1. Cut your paper to the shape and size you want.

2. Use tape to outline the size of the paper in a jelly roll pan. This helps you to plan and create your pattern. It also helps keep kids from spraying egregious quantities of shaving cream everywhere. No guarantees, though.

marking the size

3. Fill the area with shaving foam. I would have used more–an inch thick is best-except that my kids had used up most of the shaving cream during the experimentation phase. See #2.


4. Use your tool of choice to smooth the shaving cream.


5. Dot food coloring over your shaving cream. You could sprinkle pell mell, or in a pattern.

dots of dye

6. Use the comb or toothpicks to make your design. Keep in mind that you want to keep the color on top of the foam, so it will make contact with the paper and make a print.

raking the dye

7. Gently set your paper on top of the foam, trying not to move it around. Use your hand to lightly press the paper into the dye, to get rid of any air pockets and ensure the paper touches the color. I leave it for a few seconds for good luck.

pressing paper

8. Carefully peel the paper off of the foam, and set it face up in the clean pan.

pulling paper

9. Use a scraper or other flat tool to gently brush the residual shaving foam from the paper, leaving the design behind.

10. Allow to dry thoroughly.

Here is a food coloring print. If you look carefully, you can see where I dripped water on it accidentally.
Here is a food coloring print. If you look carefully, you can see where I dripped water on it accidentally. Don’t do that.


Tempera paint:  If you are using tempera paints, thin them and use a paintbrush to carefully paint them on top of the shaving foam. It was especially gratifying to use tempera because I could slather on a goodly amount of pigment and leave very little white paper remaining. Also, there are a lot more colors from which to choose.

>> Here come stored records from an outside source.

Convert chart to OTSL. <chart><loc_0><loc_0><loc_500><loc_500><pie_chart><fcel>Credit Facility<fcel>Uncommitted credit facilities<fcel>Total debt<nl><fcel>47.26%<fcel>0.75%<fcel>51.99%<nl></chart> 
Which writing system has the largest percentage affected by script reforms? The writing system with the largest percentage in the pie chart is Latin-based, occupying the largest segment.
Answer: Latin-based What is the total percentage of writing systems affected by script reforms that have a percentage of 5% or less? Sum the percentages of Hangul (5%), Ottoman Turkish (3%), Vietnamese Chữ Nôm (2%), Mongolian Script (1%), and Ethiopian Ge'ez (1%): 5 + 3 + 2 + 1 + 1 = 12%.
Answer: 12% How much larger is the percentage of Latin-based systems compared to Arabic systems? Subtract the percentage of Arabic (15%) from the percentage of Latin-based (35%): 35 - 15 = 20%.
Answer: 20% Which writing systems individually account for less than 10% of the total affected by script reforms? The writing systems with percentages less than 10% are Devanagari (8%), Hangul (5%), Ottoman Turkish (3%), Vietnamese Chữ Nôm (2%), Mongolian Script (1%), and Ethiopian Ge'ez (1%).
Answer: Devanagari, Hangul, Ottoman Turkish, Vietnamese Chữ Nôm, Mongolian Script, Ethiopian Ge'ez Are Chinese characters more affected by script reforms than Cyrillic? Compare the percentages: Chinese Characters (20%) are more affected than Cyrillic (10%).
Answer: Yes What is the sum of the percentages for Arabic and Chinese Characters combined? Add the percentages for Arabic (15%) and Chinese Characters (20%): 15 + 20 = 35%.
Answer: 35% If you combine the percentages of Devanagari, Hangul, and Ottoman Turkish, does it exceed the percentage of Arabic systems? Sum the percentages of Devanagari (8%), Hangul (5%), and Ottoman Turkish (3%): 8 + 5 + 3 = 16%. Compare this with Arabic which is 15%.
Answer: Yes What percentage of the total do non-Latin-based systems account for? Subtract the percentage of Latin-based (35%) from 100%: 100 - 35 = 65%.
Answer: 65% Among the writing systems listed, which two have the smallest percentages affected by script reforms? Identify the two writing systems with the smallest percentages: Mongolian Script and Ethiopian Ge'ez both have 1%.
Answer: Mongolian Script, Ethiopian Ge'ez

You can mix food colors, but you never get an awesome purple or magenta that way.

The left side shows how I painted and dripped onto the shaving cream. The right shows the patterns I made with a toothpick.
The left side shows how I painted and dripped tempera onto the shaving cream. The right shows the patterns I made with a toothpick.
Detail of a tempera print
Detail of a tempera print

Acrylic paint and marbling dye: A major advantage of using these is that they are not water soluble. This means they are more permanent. Also, you can get more delicate results:

A print made with marbling dyes.
A print made with marbling dyes.

If you decide to go this route, you may want to add an extra step: put the print face up on a clean jelly roll pan and rinse it under running water. Then your print will be more archival. Plus, it will no longer smell like a manly man.

Washing an acrylic print.
Washing an acrylic print.

I did not opt for the pricey acrylics. You can often find the Palmer acrylics pictured below in the kids’ area of the art store, rather than the accomplished adult painter side.

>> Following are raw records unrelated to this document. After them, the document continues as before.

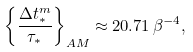<formula> <loc_0><loc_0><loc_500><loc_500>\left \{ \frac { \Delta t _ { * } ^ { m } } { \tau _ { * } } \right \} _ { A M } \approx 2 0 . 7 1 \, \beta ^ { - 4 } ,</formula> 
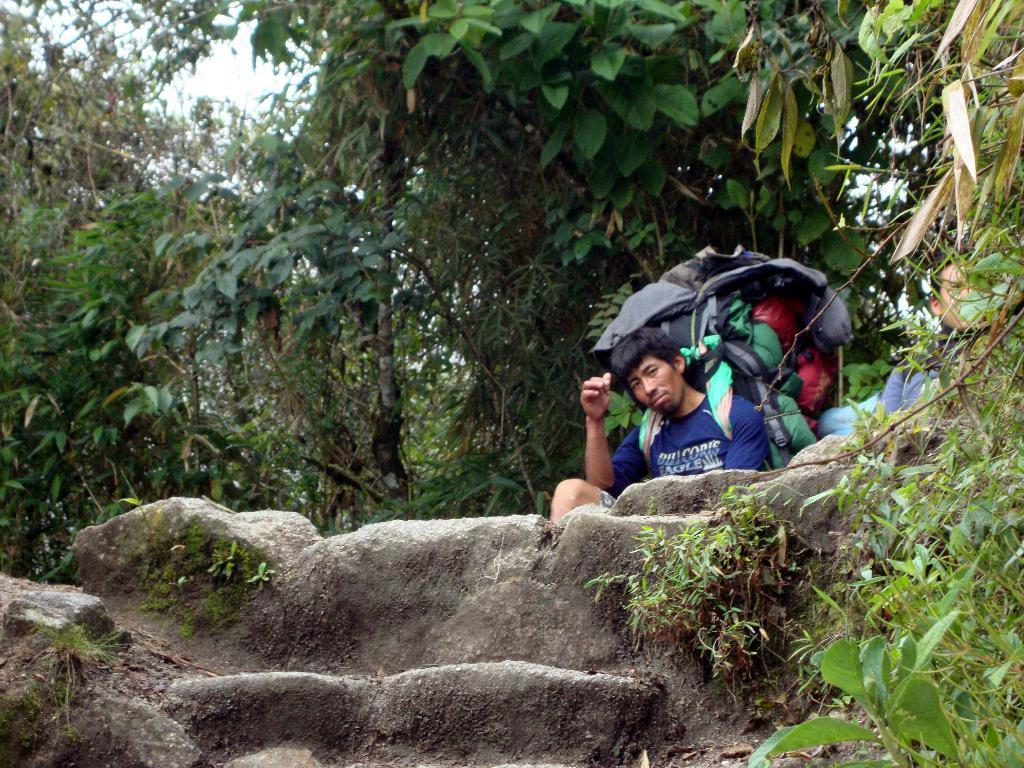Please provide a concise description of this image. In this image there is a man, he is wearing a bag in the background there are trees. 
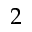Convert formula to latex. <formula><loc_0><loc_0><loc_500><loc_500>2</formula> 
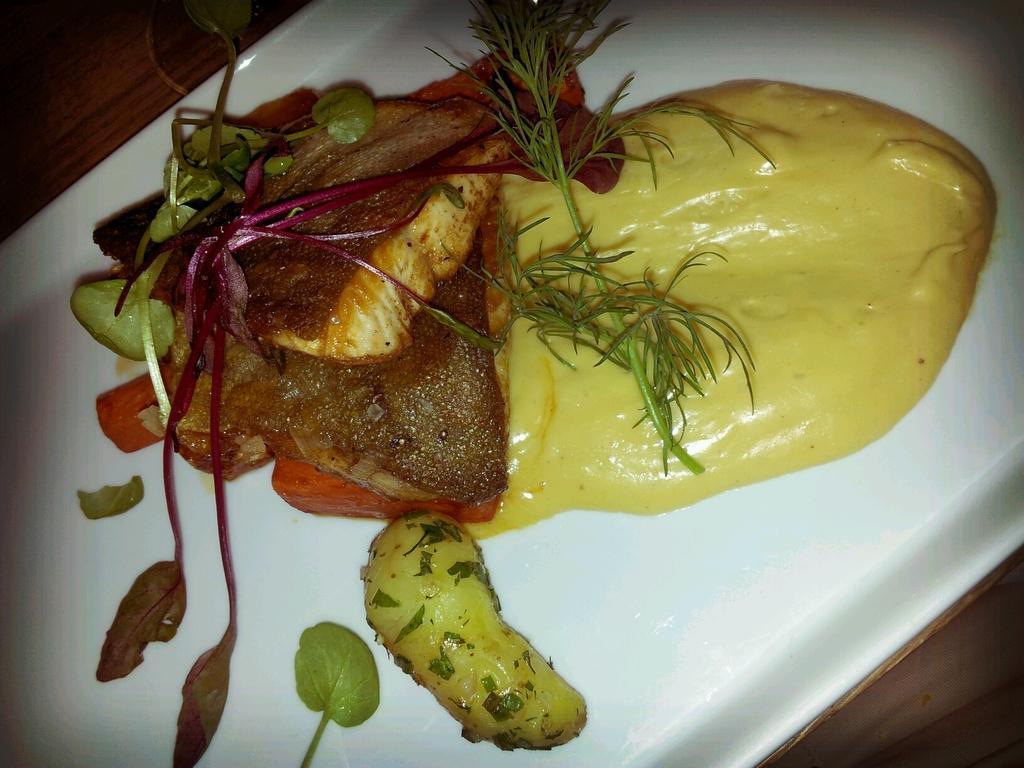How would you summarize this image in a sentence or two? In this picture there is a plate, it is served with food. The plate is placed on a table. 
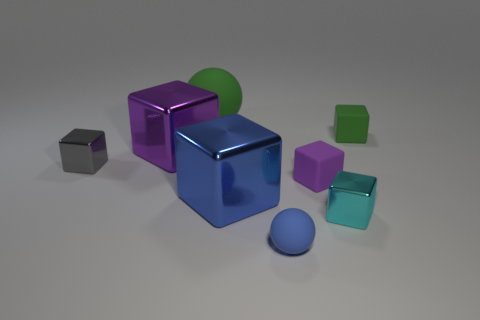The purple shiny thing that is the same shape as the tiny cyan thing is what size?
Ensure brevity in your answer.  Large. There is a matte block in front of the small shiny cube that is behind the cyan cube; what number of shiny cubes are left of it?
Your response must be concise. 3. Is the number of rubber blocks behind the small cyan shiny thing the same as the number of large metal things?
Your answer should be very brief. Yes. How many cylinders are cyan things or tiny green objects?
Provide a succinct answer. 0. Are there the same number of big blocks that are in front of the small blue thing and gray metal cubes in front of the tiny purple thing?
Provide a succinct answer. Yes. The big rubber ball has what color?
Offer a terse response. Green. How many objects are either big objects in front of the small green block or small matte things?
Your answer should be compact. 5. There is a rubber block in front of the green block; is it the same size as the rubber sphere that is behind the purple shiny cube?
Provide a short and direct response. No. What number of things are either matte things that are behind the cyan metallic object or balls on the left side of the tiny blue object?
Offer a terse response. 3. Is the material of the large green sphere the same as the tiny cube behind the gray object?
Provide a succinct answer. Yes. 
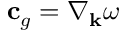Convert formula to latex. <formula><loc_0><loc_0><loc_500><loc_500>c _ { g } = \nabla _ { k } \omega</formula> 
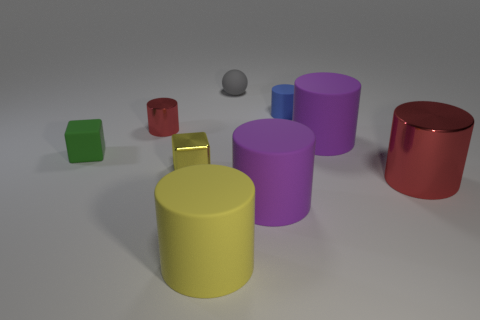Subtract all small red cylinders. How many cylinders are left? 5 Subtract all brown balls. How many red cylinders are left? 2 Subtract all blue cylinders. How many cylinders are left? 5 Subtract all blocks. How many objects are left? 7 Subtract all gray cylinders. Subtract all brown cubes. How many cylinders are left? 6 Add 1 big blue blocks. How many objects exist? 10 Subtract all purple matte cylinders. Subtract all large yellow objects. How many objects are left? 6 Add 7 blue matte cylinders. How many blue matte cylinders are left? 8 Add 5 red metal cylinders. How many red metal cylinders exist? 7 Subtract 2 red cylinders. How many objects are left? 7

My next plan is to marbleize blank postcards. I was going to send one to my mother for Mothers’ Day, but it looks like I missed the boat. Maybe next year.

That’s all. Please let me know if you have any comments, questions, or suggestions.


Author: Beret Olsen

Beret Olsen is a writer, teacher, and photo editor for 100 Word Story. She loves toast, the Oxford comma, and all your comments and questions.

4 thoughts on “The Quick and Dirty Guide to Paper Marbling”

  1. Really great lesson. I recently learned hoe to make alcohol inks and want to try them with marbleing. I’ve also heard/read you can use laundry starch in place of the shaving cream for more archival results. Thanks so much for making this accessible for those who DON’T want to order sizing, alum and migrants from Dharma.


    1. I’d love to find out how to make alcohol inks. Those would certainly be more permanent than either food coloring or tempera paints. And thanks for the tip regarding laundry starch. I’ll have to try it!